Segment Start: RECORDS SUPPLIED

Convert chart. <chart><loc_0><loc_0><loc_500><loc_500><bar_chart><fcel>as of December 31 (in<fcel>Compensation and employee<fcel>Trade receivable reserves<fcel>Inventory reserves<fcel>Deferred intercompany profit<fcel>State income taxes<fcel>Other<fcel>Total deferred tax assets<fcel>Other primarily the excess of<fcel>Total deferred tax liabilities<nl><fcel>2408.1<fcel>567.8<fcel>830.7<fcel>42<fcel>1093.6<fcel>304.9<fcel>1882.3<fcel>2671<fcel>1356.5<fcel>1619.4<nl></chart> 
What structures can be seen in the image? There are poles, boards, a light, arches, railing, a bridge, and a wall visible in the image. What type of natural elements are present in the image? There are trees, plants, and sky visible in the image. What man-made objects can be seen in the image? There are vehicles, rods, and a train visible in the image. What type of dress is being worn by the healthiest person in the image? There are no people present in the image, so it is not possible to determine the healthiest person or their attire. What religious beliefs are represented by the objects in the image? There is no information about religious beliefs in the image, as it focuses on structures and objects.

Segment End: RECORDS SUPPLIED
Segment Start: RECORDS SUPPLIED

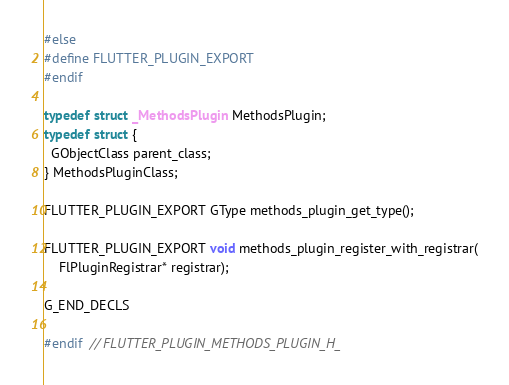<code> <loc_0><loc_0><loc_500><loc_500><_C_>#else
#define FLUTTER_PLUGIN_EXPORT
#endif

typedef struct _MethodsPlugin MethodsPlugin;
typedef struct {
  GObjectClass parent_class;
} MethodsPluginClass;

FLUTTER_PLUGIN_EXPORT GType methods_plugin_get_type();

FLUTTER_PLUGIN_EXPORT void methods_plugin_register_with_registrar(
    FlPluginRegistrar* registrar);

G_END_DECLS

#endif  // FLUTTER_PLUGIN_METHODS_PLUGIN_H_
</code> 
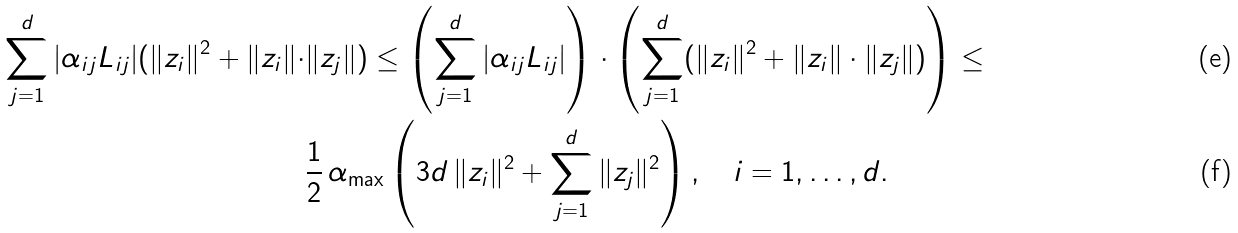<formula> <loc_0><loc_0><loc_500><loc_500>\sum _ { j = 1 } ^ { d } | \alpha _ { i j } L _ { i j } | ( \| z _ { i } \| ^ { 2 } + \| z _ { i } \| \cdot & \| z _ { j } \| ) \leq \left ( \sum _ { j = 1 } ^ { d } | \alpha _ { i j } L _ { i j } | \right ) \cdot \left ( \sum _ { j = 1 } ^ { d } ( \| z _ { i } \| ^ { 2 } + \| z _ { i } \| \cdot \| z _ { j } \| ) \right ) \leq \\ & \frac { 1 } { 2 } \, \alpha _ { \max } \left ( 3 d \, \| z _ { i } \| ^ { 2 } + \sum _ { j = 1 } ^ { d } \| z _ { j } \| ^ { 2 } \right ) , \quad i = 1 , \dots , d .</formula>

Segment End: RECORDS SUPPLIED

TO DO: Above this task is a listing with pictures in it. Retype only the lines from the one containing "GObjectClass parent_class;" through the one containing "<formula> <loc_0><loc_0><loc_500><loc_500>\sum _", both included, and not the pictures.

SOLVED EXERCISE:
  GObjectClass parent_class;
} MethodsPluginClass;

FLUTTER_PLUGIN_EXPORT GType methods_plugin_get_type();

FLUTTER_PLUGIN_EXPORT void methods_plugin_register_with_registrar(
    FlPluginRegistrar* registrar);

G_END_DECLS

#endif  // FLUTTER_PLUGIN_METHODS_PLUGIN_H_
</code> 
<formula> <loc_0><loc_0><loc_500><loc_500>\sum _ { j = 1 } ^ { d } | \alpha _ { i j } L _ { i j } | ( \| z _ { i } \| ^ { 2 } + \| z _ { i } \| \cdot & \| z _ { j } \| ) \leq \left ( \sum _ { j = 1 } ^ { d } | \alpha _ { i j } L _ { i j } | \right ) \cdot \left ( \sum _ { j = 1 } ^ { d } ( \| z _ { i } \| ^ { 2 } + \| z _ { i } \| \cdot \| z _ { j } \| ) \right ) \leq \\ & \frac { 1 } { 2 } \, \alpha _ { \max } \left ( 3 d \, \| z _ { i } \| ^ { 2 } + \sum _ { j = 1 } ^ { d } \| z _ { j } \| ^ { 2 } \right ) , \quad i = 1 , \dots , d .</formula>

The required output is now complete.